What needs to be done ▸ Set every entry down again, unchanged, picture-free.

Provided data Block Start

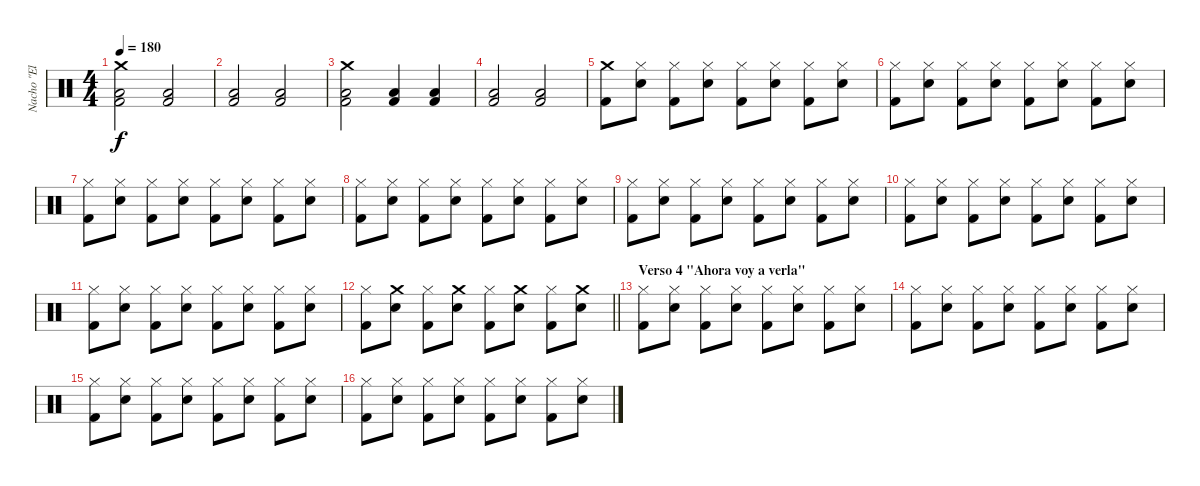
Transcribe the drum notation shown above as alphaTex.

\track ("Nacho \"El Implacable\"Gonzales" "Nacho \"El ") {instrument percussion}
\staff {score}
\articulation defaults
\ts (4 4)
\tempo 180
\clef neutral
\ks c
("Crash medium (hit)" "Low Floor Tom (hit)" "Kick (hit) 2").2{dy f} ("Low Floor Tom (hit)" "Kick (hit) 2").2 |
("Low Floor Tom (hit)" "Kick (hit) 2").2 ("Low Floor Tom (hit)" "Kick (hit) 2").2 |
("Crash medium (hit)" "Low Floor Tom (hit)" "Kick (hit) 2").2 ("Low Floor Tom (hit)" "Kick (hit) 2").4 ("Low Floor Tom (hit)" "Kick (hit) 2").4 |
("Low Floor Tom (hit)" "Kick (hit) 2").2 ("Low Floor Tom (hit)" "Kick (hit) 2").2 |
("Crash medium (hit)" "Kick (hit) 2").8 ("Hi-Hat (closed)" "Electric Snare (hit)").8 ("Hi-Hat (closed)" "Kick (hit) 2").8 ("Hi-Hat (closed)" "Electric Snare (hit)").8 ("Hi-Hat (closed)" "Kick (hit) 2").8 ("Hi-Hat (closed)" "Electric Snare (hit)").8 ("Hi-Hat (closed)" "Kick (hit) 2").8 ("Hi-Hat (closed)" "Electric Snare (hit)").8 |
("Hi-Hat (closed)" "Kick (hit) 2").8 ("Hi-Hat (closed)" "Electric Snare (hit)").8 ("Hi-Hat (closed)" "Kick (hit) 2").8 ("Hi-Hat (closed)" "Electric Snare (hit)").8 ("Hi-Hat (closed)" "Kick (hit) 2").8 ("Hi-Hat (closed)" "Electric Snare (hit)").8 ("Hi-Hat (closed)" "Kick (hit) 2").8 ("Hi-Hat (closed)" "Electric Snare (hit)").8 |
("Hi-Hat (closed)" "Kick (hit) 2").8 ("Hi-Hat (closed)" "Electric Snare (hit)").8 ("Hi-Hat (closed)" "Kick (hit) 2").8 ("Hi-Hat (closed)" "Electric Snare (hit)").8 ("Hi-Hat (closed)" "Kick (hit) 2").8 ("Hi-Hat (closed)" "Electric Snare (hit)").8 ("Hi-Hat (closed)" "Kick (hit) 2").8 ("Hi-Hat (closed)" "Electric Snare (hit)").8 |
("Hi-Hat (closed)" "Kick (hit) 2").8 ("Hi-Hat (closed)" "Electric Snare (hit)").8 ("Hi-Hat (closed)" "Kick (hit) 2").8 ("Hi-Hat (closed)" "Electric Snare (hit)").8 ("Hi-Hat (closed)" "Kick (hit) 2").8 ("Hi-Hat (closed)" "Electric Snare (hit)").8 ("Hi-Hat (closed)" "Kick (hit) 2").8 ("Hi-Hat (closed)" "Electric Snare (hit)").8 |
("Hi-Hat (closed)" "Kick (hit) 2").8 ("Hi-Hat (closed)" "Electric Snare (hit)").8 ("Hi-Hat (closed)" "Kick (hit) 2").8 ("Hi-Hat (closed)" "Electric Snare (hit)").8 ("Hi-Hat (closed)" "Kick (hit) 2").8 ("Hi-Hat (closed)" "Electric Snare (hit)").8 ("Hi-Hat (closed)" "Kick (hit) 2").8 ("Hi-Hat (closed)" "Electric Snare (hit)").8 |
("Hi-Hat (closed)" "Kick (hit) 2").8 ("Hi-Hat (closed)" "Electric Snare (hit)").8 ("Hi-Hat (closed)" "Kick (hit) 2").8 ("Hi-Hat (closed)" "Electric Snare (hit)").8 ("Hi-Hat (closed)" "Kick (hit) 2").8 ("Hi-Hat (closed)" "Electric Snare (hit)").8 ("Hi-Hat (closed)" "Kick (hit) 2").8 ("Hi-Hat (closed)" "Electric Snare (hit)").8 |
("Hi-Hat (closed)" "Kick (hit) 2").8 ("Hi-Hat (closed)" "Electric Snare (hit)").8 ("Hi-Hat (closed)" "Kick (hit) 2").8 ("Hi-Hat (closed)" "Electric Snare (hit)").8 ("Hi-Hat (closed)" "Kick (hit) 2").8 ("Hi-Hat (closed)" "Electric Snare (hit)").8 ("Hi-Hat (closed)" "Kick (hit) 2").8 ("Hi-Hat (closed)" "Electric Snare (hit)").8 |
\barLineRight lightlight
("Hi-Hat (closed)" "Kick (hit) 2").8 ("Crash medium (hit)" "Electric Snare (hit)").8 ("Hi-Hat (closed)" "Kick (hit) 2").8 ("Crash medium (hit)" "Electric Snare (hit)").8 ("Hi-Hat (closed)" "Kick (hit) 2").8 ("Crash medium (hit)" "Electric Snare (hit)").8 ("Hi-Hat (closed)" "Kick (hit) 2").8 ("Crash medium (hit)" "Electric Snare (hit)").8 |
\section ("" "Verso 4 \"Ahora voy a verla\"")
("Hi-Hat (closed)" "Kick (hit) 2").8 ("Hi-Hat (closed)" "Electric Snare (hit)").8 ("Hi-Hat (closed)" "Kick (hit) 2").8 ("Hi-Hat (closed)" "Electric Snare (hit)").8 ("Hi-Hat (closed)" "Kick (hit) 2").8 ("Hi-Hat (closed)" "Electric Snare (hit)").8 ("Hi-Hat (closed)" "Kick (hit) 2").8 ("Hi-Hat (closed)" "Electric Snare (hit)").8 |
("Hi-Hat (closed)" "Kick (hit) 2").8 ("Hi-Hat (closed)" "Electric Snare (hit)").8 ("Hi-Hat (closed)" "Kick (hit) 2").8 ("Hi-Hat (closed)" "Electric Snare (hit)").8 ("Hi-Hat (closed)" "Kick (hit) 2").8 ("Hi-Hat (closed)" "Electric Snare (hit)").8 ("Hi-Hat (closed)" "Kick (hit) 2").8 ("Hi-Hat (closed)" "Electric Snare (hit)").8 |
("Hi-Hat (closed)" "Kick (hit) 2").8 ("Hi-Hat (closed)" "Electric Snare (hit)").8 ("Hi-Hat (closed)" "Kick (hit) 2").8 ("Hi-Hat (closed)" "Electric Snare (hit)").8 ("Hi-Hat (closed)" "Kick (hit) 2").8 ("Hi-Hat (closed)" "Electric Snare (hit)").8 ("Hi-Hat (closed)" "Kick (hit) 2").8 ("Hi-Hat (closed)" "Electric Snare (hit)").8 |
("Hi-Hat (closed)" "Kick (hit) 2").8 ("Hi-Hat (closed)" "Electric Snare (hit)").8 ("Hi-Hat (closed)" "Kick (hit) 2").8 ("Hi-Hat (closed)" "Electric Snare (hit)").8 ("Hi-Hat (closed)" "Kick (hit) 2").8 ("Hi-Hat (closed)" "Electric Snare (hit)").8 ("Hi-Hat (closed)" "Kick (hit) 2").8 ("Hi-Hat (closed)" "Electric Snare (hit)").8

Provided data Block End

Answer to this task ▸
Transcribe the drum notation shown above as alphaTex.

\track ("Nacho \"El Implacable\"Gonzales" "Nacho \"El ") {instrument percussion}
\staff {score}
\articulation defaults
\ts (4 4)
\tempo 180
\clef neutral
\ks c
("Crash medium (hit)" "Low Floor Tom (hit)" "Kick (hit) 2").2{dy f} ("Low Floor Tom (hit)" "Kick (hit) 2").2 |
("Low Floor Tom (hit)" "Kick (hit) 2").2 ("Low Floor Tom (hit)" "Kick (hit) 2").2 |
("Crash medium (hit)" "Low Floor Tom (hit)" "Kick (hit) 2").2 ("Low Floor Tom (hit)" "Kick (hit) 2").4 ("Low Floor Tom (hit)" "Kick (hit) 2").4 |
("Low Floor Tom (hit)" "Kick (hit) 2").2 ("Low Floor Tom (hit)" "Kick (hit) 2").2 |
("Crash medium (hit)" "Kick (hit) 2").8 ("Hi-Hat (closed)" "Electric Snare (hit)").8 ("Hi-Hat (closed)" "Kick (hit) 2").8 ("Hi-Hat (closed)" "Electric Snare (hit)").8 ("Hi-Hat (closed)" "Kick (hit) 2").8 ("Hi-Hat (closed)" "Electric Snare (hit)").8 ("Hi-Hat (closed)" "Kick (hit) 2").8 ("Hi-Hat (closed)" "Electric Snare (hit)").8 |
("Hi-Hat (closed)" "Kick (hit) 2").8 ("Hi-Hat (closed)" "Electric Snare (hit)").8 ("Hi-Hat (closed)" "Kick (hit) 2").8 ("Hi-Hat (closed)" "Electric Snare (hit)").8 ("Hi-Hat (closed)" "Kick (hit) 2").8 ("Hi-Hat (closed)" "Electric Snare (hit)").8 ("Hi-Hat (closed)" "Kick (hit) 2").8 ("Hi-Hat (closed)" "Electric Snare (hit)").8 |
("Hi-Hat (closed)" "Kick (hit) 2").8 ("Hi-Hat (closed)" "Electric Snare (hit)").8 ("Hi-Hat (closed)" "Kick (hit) 2").8 ("Hi-Hat (closed)" "Electric Snare (hit)").8 ("Hi-Hat (closed)" "Kick (hit) 2").8 ("Hi-Hat (closed)" "Electric Snare (hit)").8 ("Hi-Hat (closed)" "Kick (hit) 2").8 ("Hi-Hat (closed)" "Electric Snare (hit)").8 |
("Hi-Hat (closed)" "Kick (hit) 2").8 ("Hi-Hat (closed)" "Electric Snare (hit)").8 ("Hi-Hat (closed)" "Kick (hit) 2").8 ("Hi-Hat (closed)" "Electric Snare (hit)").8 ("Hi-Hat (closed)" "Kick (hit) 2").8 ("Hi-Hat (closed)" "Electric Snare (hit)").8 ("Hi-Hat (closed)" "Kick (hit) 2").8 ("Hi-Hat (closed)" "Electric Snare (hit)").8 |
("Hi-Hat (closed)" "Kick (hit) 2").8 ("Hi-Hat (closed)" "Electric Snare (hit)").8 ("Hi-Hat (closed)" "Kick (hit) 2").8 ("Hi-Hat (closed)" "Electric Snare (hit)").8 ("Hi-Hat (closed)" "Kick (hit) 2").8 ("Hi-Hat (closed)" "Electric Snare (hit)").8 ("Hi-Hat (closed)" "Kick (hit) 2").8 ("Hi-Hat (closed)" "Electric Snare (hit)").8 |
("Hi-Hat (closed)" "Kick (hit) 2").8 ("Hi-Hat (closed)" "Electric Snare (hit)").8 ("Hi-Hat (closed)" "Kick (hit) 2").8 ("Hi-Hat (closed)" "Electric Snare (hit)").8 ("Hi-Hat (closed)" "Kick (hit) 2").8 ("Hi-Hat (closed)" "Electric Snare (hit)").8 ("Hi-Hat (closed)" "Kick (hit) 2").8 ("Hi-Hat (closed)" "Electric Snare (hit)").8 |
("Hi-Hat (closed)" "Kick (hit) 2").8 ("Hi-Hat (closed)" "Electric Snare (hit)").8 ("Hi-Hat (closed)" "Kick (hit) 2").8 ("Hi-Hat (closed)" "Electric Snare (hit)").8 ("Hi-Hat (closed)" "Kick (hit) 2").8 ("Hi-Hat (closed)" "Electric Snare (hit)").8 ("Hi-Hat (closed)" "Kick (hit) 2").8 ("Hi-Hat (closed)" "Electric Snare (hit)").8 |
\barLineRight lightlight
("Hi-Hat (closed)" "Kick (hit) 2").8 ("Crash medium (hit)" "Electric Snare (hit)").8 ("Hi-Hat (closed)" "Kick (hit) 2").8 ("Crash medium (hit)" "Electric Snare (hit)").8 ("Hi-Hat (closed)" "Kick (hit) 2").8 ("Crash medium (hit)" "Electric Snare (hit)").8 ("Hi-Hat (closed)" "Kick (hit) 2").8 ("Crash medium (hit)" "Electric Snare (hit)").8 |
\section ("" "Verso 4 \"Ahora voy a verla\"")
("Hi-Hat (closed)" "Kick (hit) 2").8 ("Hi-Hat (closed)" "Electric Snare (hit)").8 ("Hi-Hat (closed)" "Kick (hit) 2").8 ("Hi-Hat (closed)" "Electric Snare (hit)").8 ("Hi-Hat (closed)" "Kick (hit) 2").8 ("Hi-Hat (closed)" "Electric Snare (hit)").8 ("Hi-Hat (closed)" "Kick (hit) 2").8 ("Hi-Hat (closed)" "Electric Snare (hit)").8 |
("Hi-Hat (closed)" "Kick (hit) 2").8 ("Hi-Hat (closed)" "Electric Snare (hit)").8 ("Hi-Hat (closed)" "Kick (hit) 2").8 ("Hi-Hat (closed)" "Electric Snare (hit)").8 ("Hi-Hat (closed)" "Kick (hit) 2").8 ("Hi-Hat (closed)" "Electric Snare (hit)").8 ("Hi-Hat (closed)" "Kick (hit) 2").8 ("Hi-Hat (closed)" "Electric Snare (hit)").8 |
("Hi-Hat (closed)" "Kick (hit) 2").8 ("Hi-Hat (closed)" "Electric Snare (hit)").8 ("Hi-Hat (closed)" "Kick (hit) 2").8 ("Hi-Hat (closed)" "Electric Snare (hit)").8 ("Hi-Hat (closed)" "Kick (hit) 2").8 ("Hi-Hat (closed)" "Electric Snare (hit)").8 ("Hi-Hat (closed)" "Kick (hit) 2").8 ("Hi-Hat (closed)" "Electric Snare (hit)").8 |
("Hi-Hat (closed)" "Kick (hit) 2").8 ("Hi-Hat (closed)" "Electric Snare (hit)").8 ("Hi-Hat (closed)" "Kick (hit) 2").8 ("Hi-Hat (closed)" "Electric Snare (hit)").8 ("Hi-Hat (closed)" "Kick (hit) 2").8 ("Hi-Hat (closed)" "Electric Snare (hit)").8 ("Hi-Hat (closed)" "Kick (hit) 2").8 ("Hi-Hat (closed)" "Electric Snare (hit)").8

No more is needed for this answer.